# PETA Letter



## LFBP-NEIL (Apr 23, 2005)

Hands up who also got a Peta Letter Today!

Received a very nice letter from peta urging me to reconsider selling exotic animals..

Nice to know i am on their database!


----------



## Ozgi (Jun 1, 2008)

Lol. Any chance you could scan it and post it here? I fancy a laugh!


----------



## Azazel777 (Mar 18, 2007)

LFBP-NEIL said:


> Hands up who also got a Peta Letter Today!
> 
> Received a very nice letter from peta urging me to reconsider selling exotic animals..
> 
> Nice to know i am on their database!


i would write them a letter urging them to start saving more of the animals they 'rescue' instead of using their sizeable budget to get celebrities to pose for pretty pictures...as well as changing their ultimate goal (which few people know is actually for the undomestication of all animals)
PETA Kills Animals | PetaKillsAnimals.com

what a fooked organisation... i hope more animal lovers find out what dirtbags peta really are


----------



## Dr. Love (Mar 10, 2010)

Azazel777 said:


> i would write them a letter urging them to start saving more of the animals they 'rescue' instead of using their sizeable budget to get celebrities to pose for pretty pictures...as well as changing their ultimate goal (which few people know is actually for the undomestication of all animals)
> PETA Kills Animals | PetaKillsAnimals.com
> 
> what a fooked organisation... i hope more animal lovers find out what dirtbags peta really are


i researched them for my college work, i wrote 2 pages on them (was meant to be half a page at most) coz i got so angry with them...


----------



## HABU (Mar 21, 2007)

peta are a bunch of nut cases...


----------



## hullreptilelover (Mar 4, 2006)

yup, we got one of these letters too... accompanied by some horrific pictures...


----------



## sambridge15 (Nov 22, 2009)

mail them back a steak that should put a smile on there faces :lol2:


----------



## vogelport (Feb 4, 2008)

sambridge15 said:


> mail them back a steak that should put a smile on there faces :lol2:


Hahaha,now that would be funny!! :lol2:


----------



## Gentoo (Jul 6, 2010)

hullreptilelover said:


> yup, we got one of these letters too... accompanied by some horrific pictures...


That's disgusting. I had a major problem with seeing suffering animals before my breakdown. I hate it when images like that are forced onto people. Not everyone can cope well with it.


----------



## Twiglet (May 6, 2009)

Gentoo said:


> That's disgusting. I had a major problem with seeing suffering animals before my breakdown. I hate it when images like that are forced onto people. Not everyone can cope well with it.
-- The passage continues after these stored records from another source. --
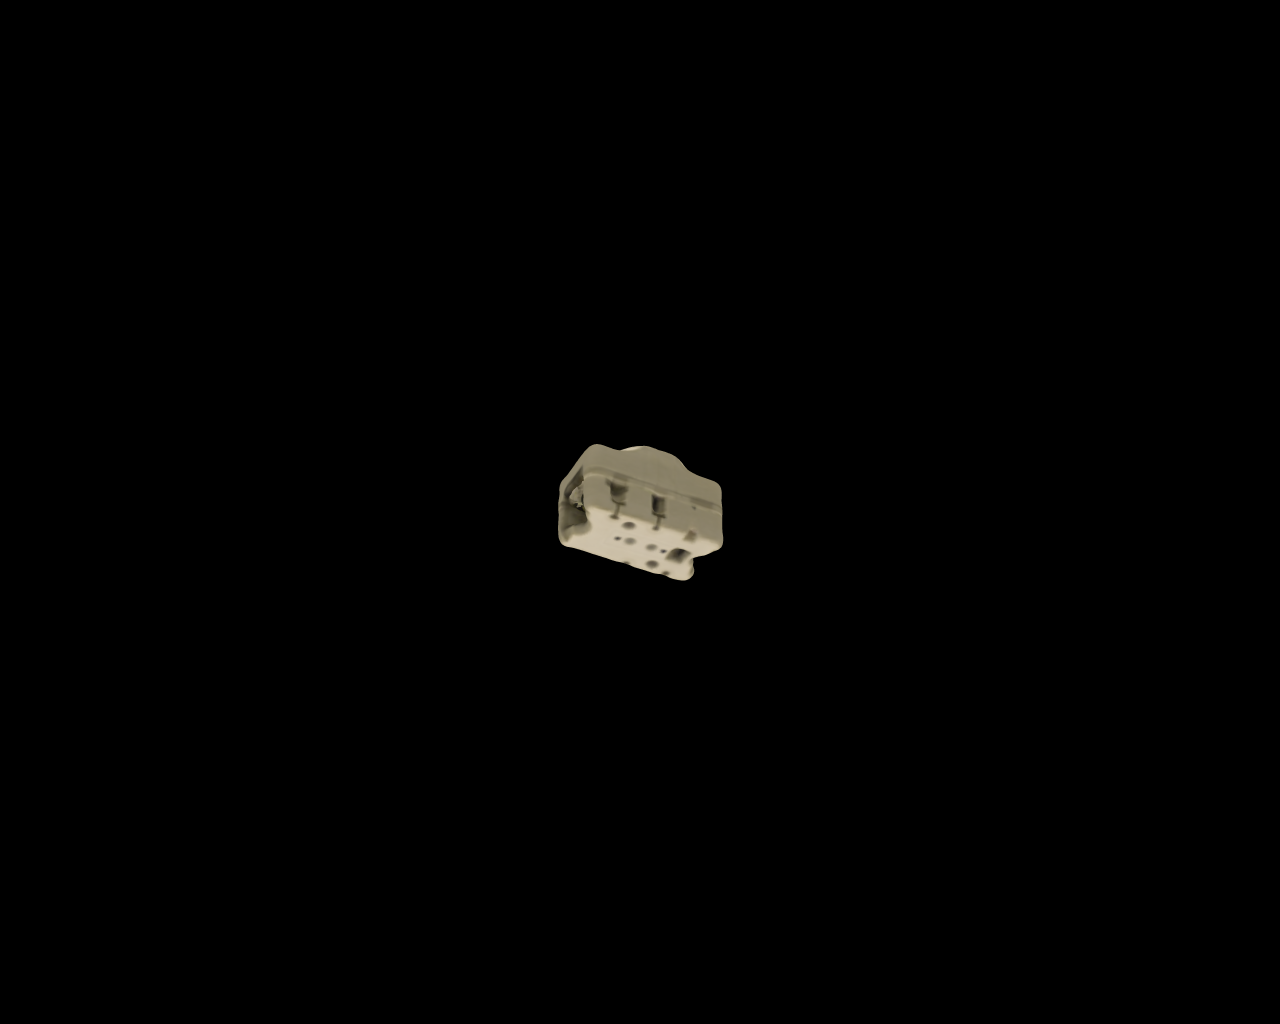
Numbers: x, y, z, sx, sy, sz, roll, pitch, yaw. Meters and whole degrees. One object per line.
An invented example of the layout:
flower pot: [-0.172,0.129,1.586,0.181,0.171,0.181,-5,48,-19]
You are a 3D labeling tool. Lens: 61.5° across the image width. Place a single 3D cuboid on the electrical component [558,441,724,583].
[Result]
electrical component: [0.001,-0.003,0.650,0.089,0.056,0.050,17,-40,-22]
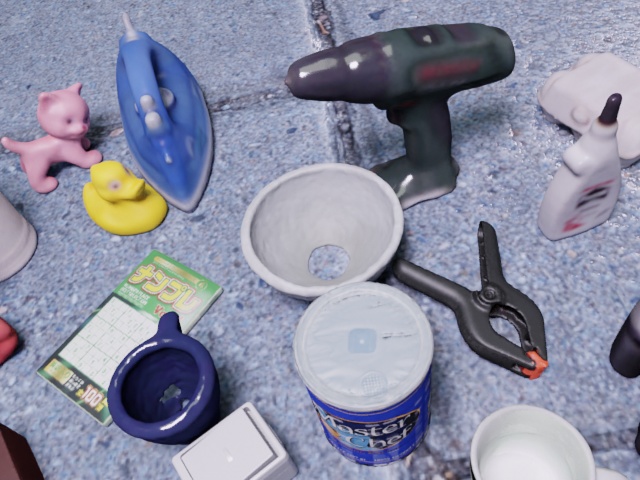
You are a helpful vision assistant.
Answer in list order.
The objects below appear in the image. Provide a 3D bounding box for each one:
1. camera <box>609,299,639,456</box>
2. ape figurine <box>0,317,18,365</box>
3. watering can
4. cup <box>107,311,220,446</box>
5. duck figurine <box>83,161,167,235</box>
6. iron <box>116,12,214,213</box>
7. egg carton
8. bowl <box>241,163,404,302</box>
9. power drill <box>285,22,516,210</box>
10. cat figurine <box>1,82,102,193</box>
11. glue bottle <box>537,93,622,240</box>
[{"bbox_3d":[0.299,0.114,0.451,0.137,0.101,0.142,-41,57,-20],"label":"camera"},{"bbox_3d":[-0.358,0.096,0.582,0.078,0.092,0.076,-11,52,2],"label":"ape figurine"},{"bbox_3d":[-0.405,-0.036,0.625,0.101,0.194,0.172,-36,56,-17],"label":"watering can"},{"bbox_3d":[-0.127,0.133,0.514,0.091,0.095,0.117,-9,53,3],"label":"cup"},{"bbox_3d":[-0.243,-0.059,0.682,0.104,0.086,0.077,12,57,18],"label":"duck figurine"},{"bbox_3d":[-0.206,-0.168,0.723,0.118,0.142,0.257,-20,53,-5],"label":"iron"},{"bbox_3d":[0.333,-0.154,0.665,0.107,0.069,0.150,-31,55,-13],"label":"egg carton"},{"bbox_3d":[0.006,0.002,0.601,0.167,0.075,0.167,-5,53,6],"label":"bowl"},{"bbox_3d":[0.088,-0.128,0.600,0.229,0.209,0.075,-21,53,-6],"label":"power drill"},{"bbox_3d":[-0.345,-0.142,0.742,0.128,0.118,0.067,-36,56,-17],"label":"cat figurine"},{"bbox_3d":[0.259,-0.070,0.550,0.078,0.173,0.037,-23,53,-7],"label":"glue bottle"}]

Typical PETA, ultimate shock value. 
Do they really think that serious keepers are going to be taken in by their propaganda and lies? It's actually painful to try and think they way they do. 

When I was a kid, I did a school project on animal rights and the people trying to up hold them. I went into the project very much pro the likes of PETA. I came out of it aghast and extremely upset by the research I'd done. 
Such groups do not have the interest of the animals at heart, waste vast sums of the donated money they recieve on lies and BullS***.

I now always tell people this:

I don't believe in animal rights. I believe in animal welfare.


----------



## adamntitch (Jun 17, 2007)

do they not think what would happen to all the animals if it was banned to keep them


----------



## Guest (Sep 15, 2010)

sambridge15 said:


> mail them back a steak that should put a smile on there faces :lol2:


We as a forum should all post them 1 piece of meat every week each until they ditch this ridiculous campaign. Think of the lives they'll save...


----------



## marcusjelly (Aug 25, 2010)

thats a nice way to say threaten you mate.
someone needs to put these people in cages:2thumb:





LFBP-NEIL said:


> Hands up who also got a Peta Letter Today!
> 
> Received a very nice letter from peta urging me to reconsider selling exotic animals..
> 
> Nice to know i am on their database!


----------



## maddragon29 (Oct 16, 2008)

adamntitch said:


> do they not think what would happen to all the animals if it was banned to keep them


They'd have them killed... like 98% of the animals they take in.


----------



## vogelport (Feb 4, 2008)

News - Lady Gaga: I Meant "No Disrespect" Wearing Meat Dress to VMAs - Style & Beauty - UsMagazine.com

Oh dear :/


----------



## cat001 (Mar 4, 2008)

When I was in South Africa the people that ran the Nature reserves slagged off animal rights groups down to the ground, people i've met that genuinly have an interest in animals don't like lying scummy organisations like PETA that know absoltely NOTHING about animals and just view them as little people.


----------